Nigeria Raises $2.2billion in Spectacular Eurobond Debut.

Nigeria Raises $2.2billion in Spectacular Eurobond Debut.
Photo by Nupo Deyon Daniel / Unsplash

Nigeria has made a notable return to the international capital markets after more than two years of absence, launching a $2.2 billion Eurobond issue to secure funding that addresses its fiscal deficit. 

Why does this matter: This move aligns with a trend in several other African countries, including Ivory Coast, Kenya, Benin, Cameroon, and South Africa, which have successfully re-entered the international markets due to improved market conditions and a potential decline in interest rates. 

In Nigeria's case, an ambitious economic reform agenda—featuring the removal of fuel subsidies and adjustments to the exchange rate—has energised its fundraising efforts. This includes the nation’s first domestic issuance of dollar-denominated bonds, which raised $900 million and was oversubscribed by 180% as local investors seized the opportunity. The five-year notes carry a coupon rate of 9.75%, with a yield of approximately 9.67%. 

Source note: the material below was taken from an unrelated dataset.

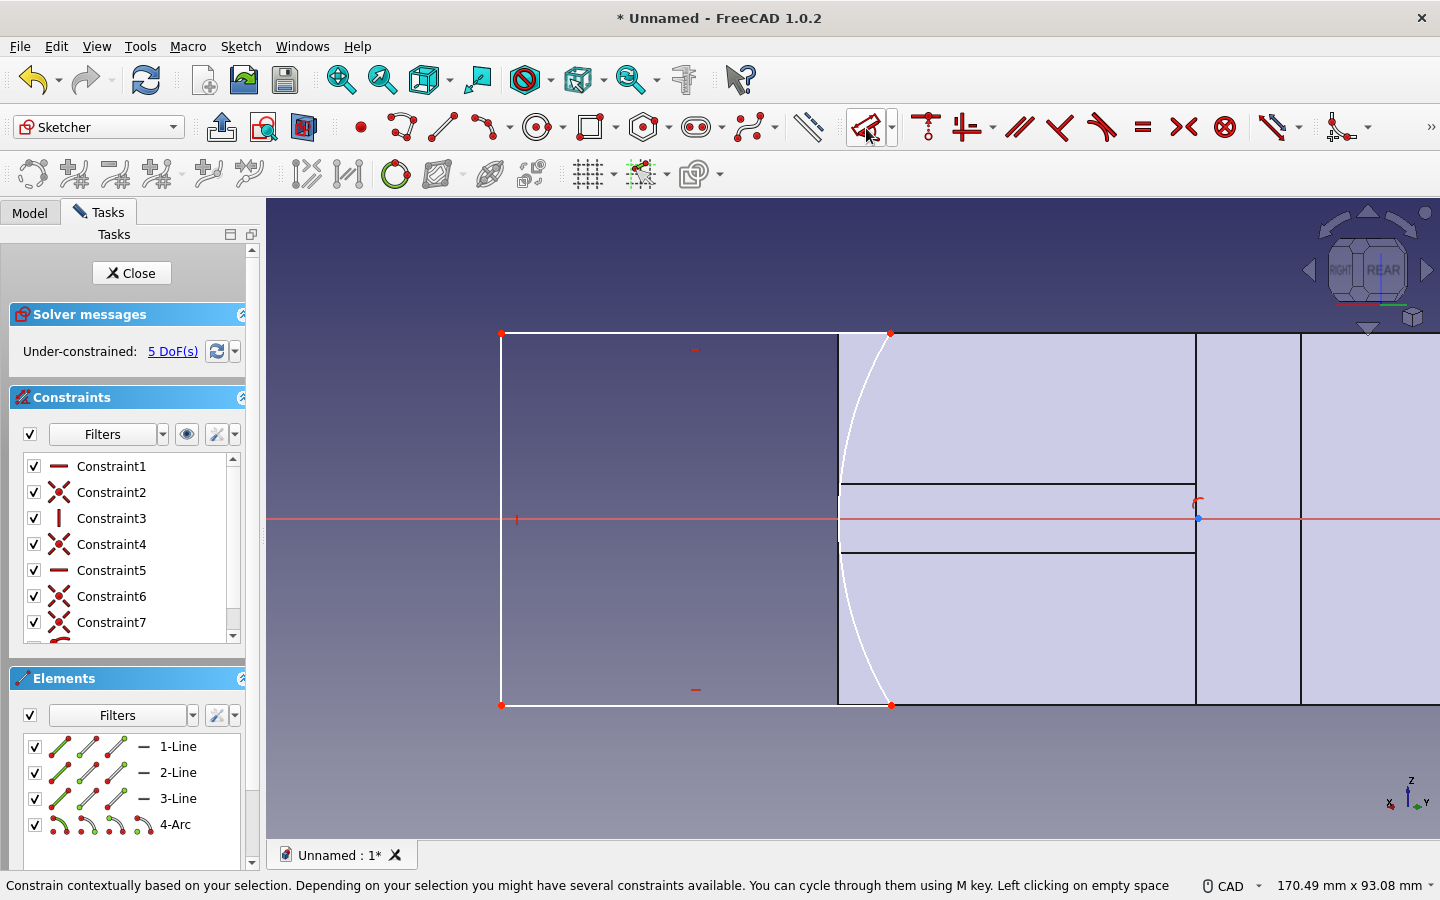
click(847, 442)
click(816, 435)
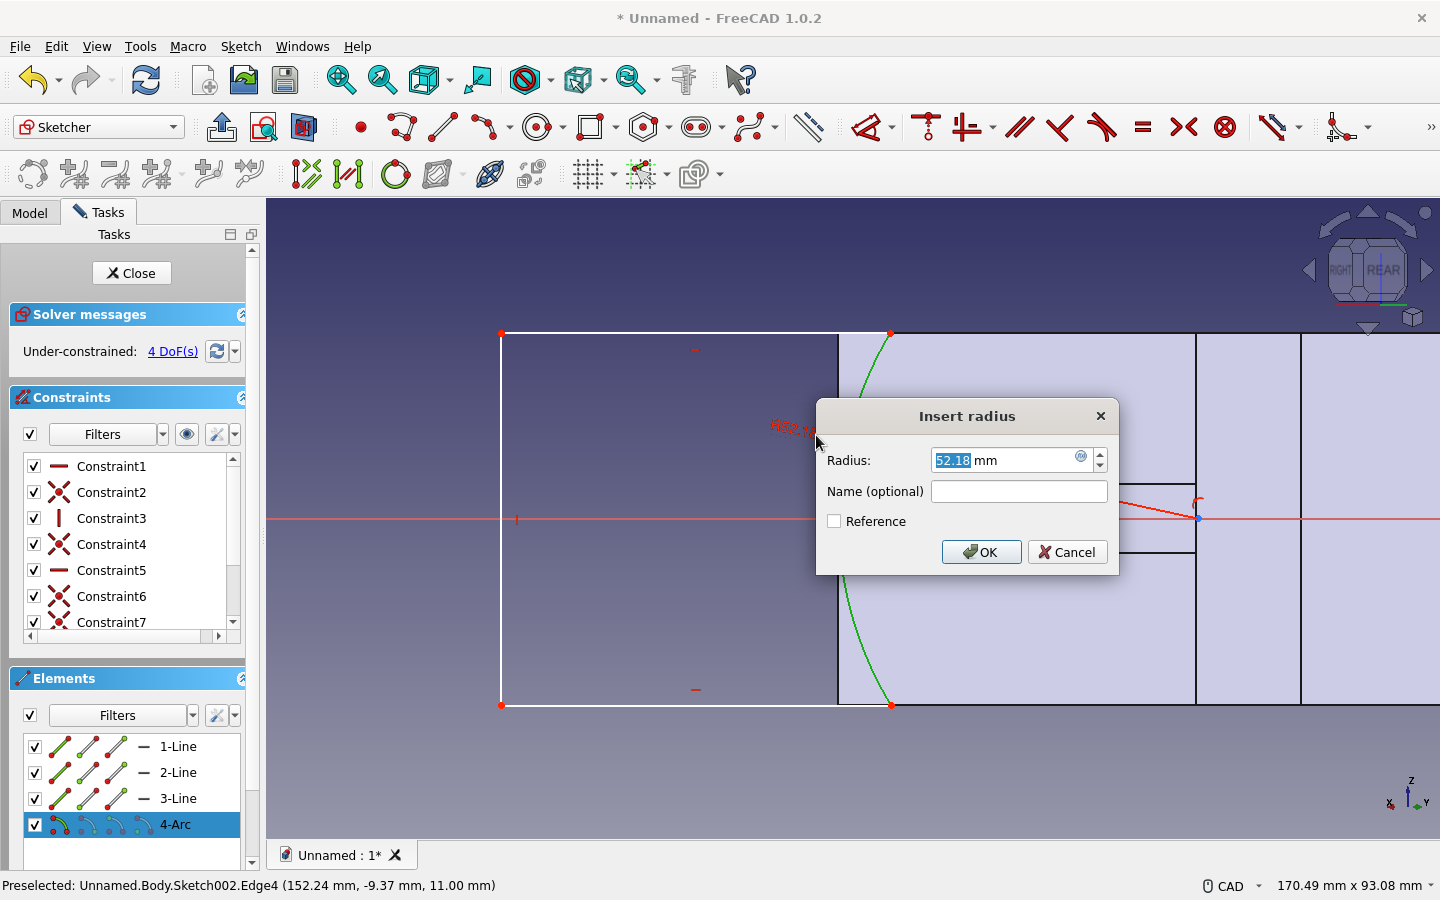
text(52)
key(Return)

The bond issuance consisted of two distinct maturities: one maturing in 2031 (a 6.5-year bond) and another maturing in 2034 (a 10-year bond). Prominent financial institutions managed the transaction, including Citigroup Inc., Goldman Sachs Group Inc., JPMorgan Chase & Co., and Standard Chartered Plc. Notably, the proceeds from this bond issuance are allocated as follows: $700 million is designated for the 2031 maturity, while $1.5 billion is earmarked for the 2034 maturity. It was also attractively priced, with coupon and re-offer yields set at 9.625% for the 6.5-year note and 10.375% for the 10-year note.

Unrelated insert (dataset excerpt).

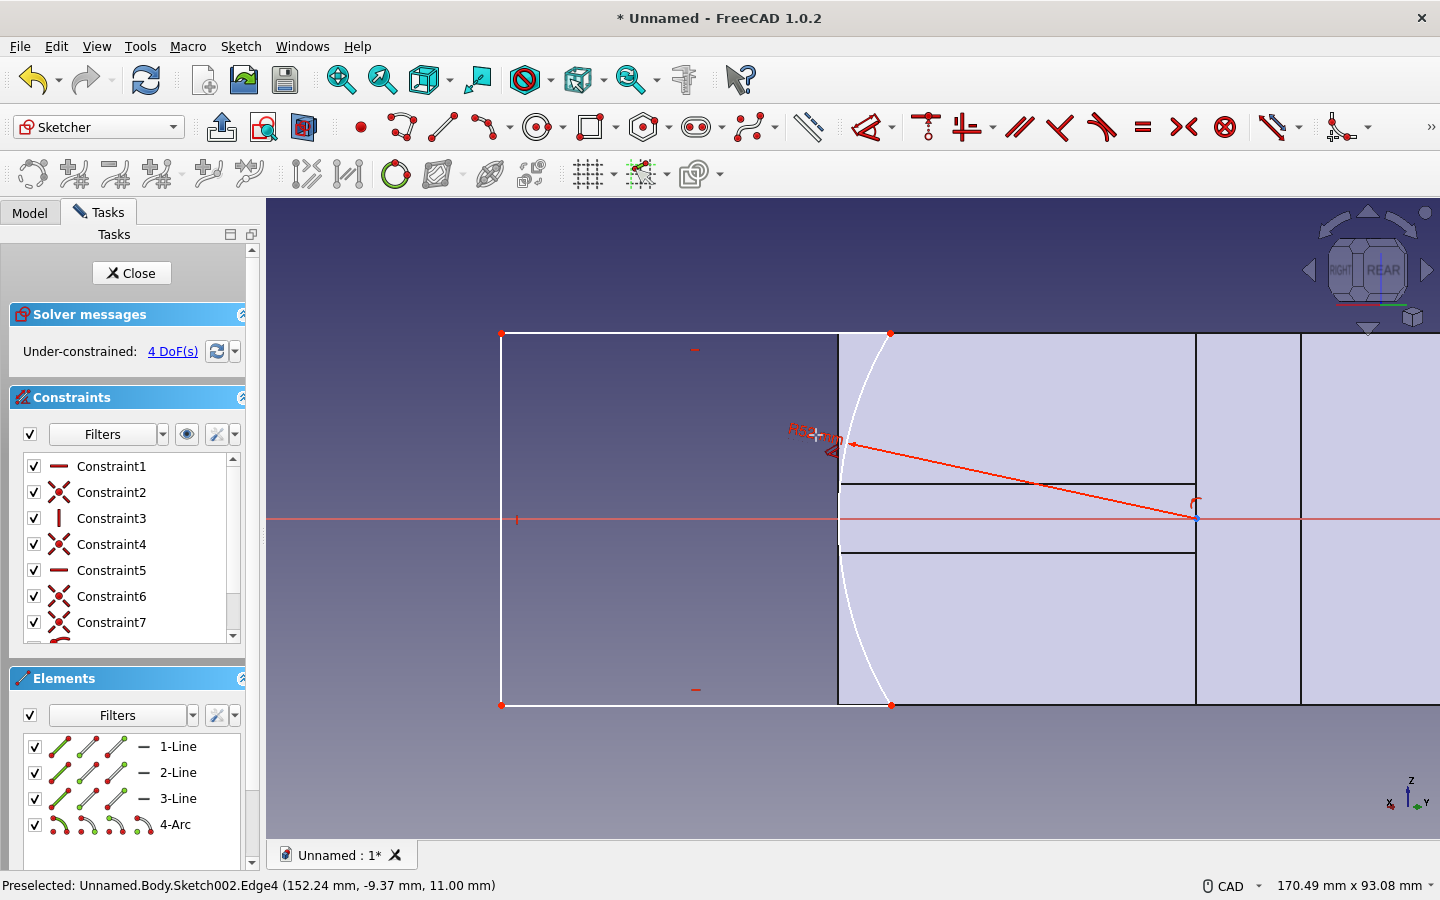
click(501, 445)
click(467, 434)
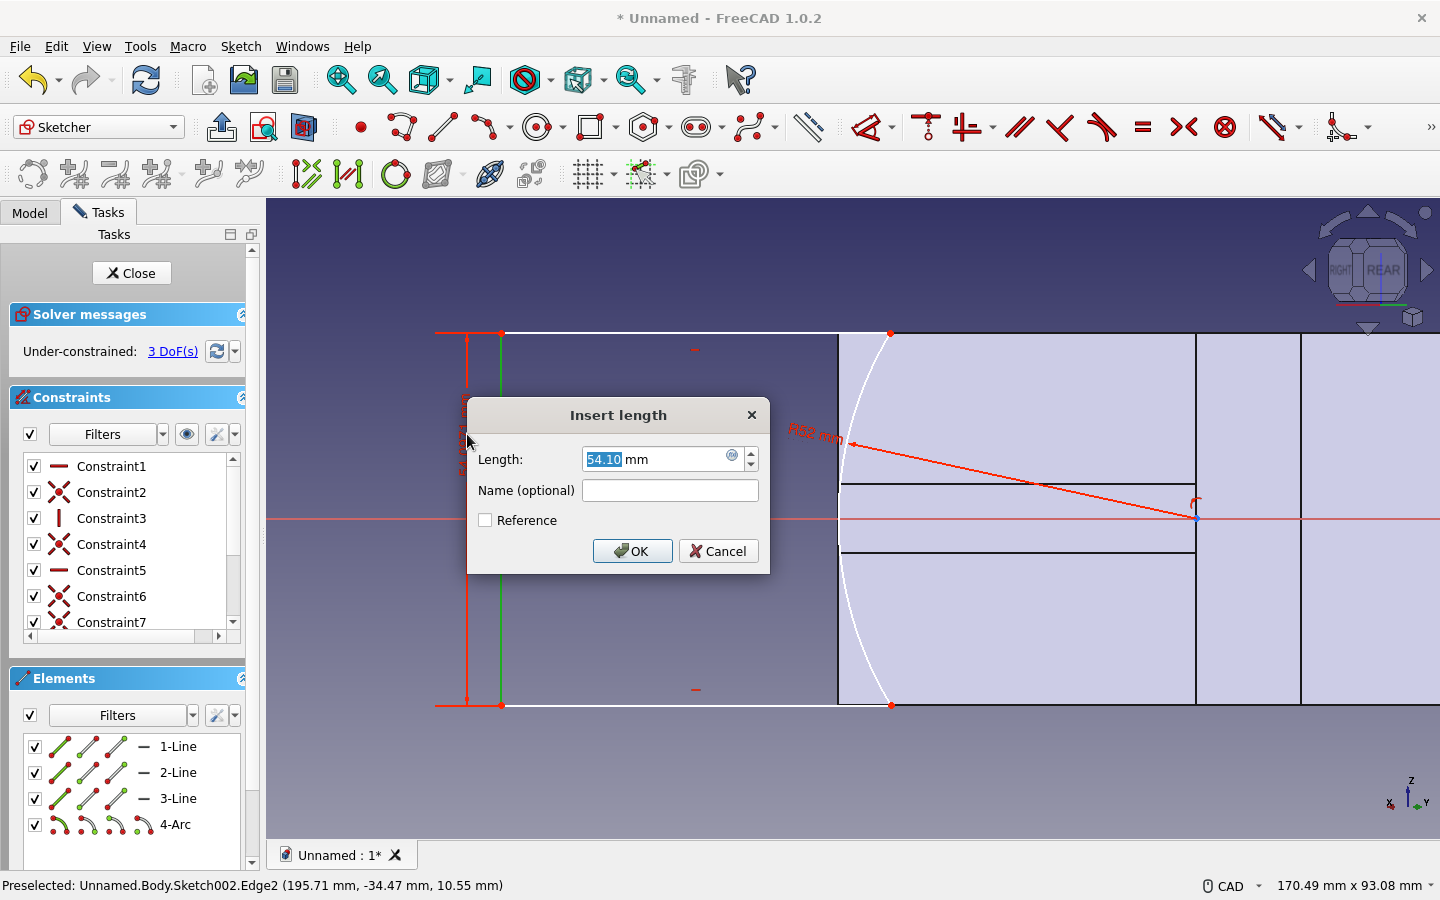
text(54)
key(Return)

Demand for Africa's sovereign offerings remains strong. The peak order book for the $2.2 billion Eurobond issuance exceeded $9 billion, attracting favourable responses from diverse global investors. This group includes fund managers, insurance and pension funds, hedge funds, banks from the United Kingdom, North America, Europe, Asia, and the Middle East, as well as Nigerian investors.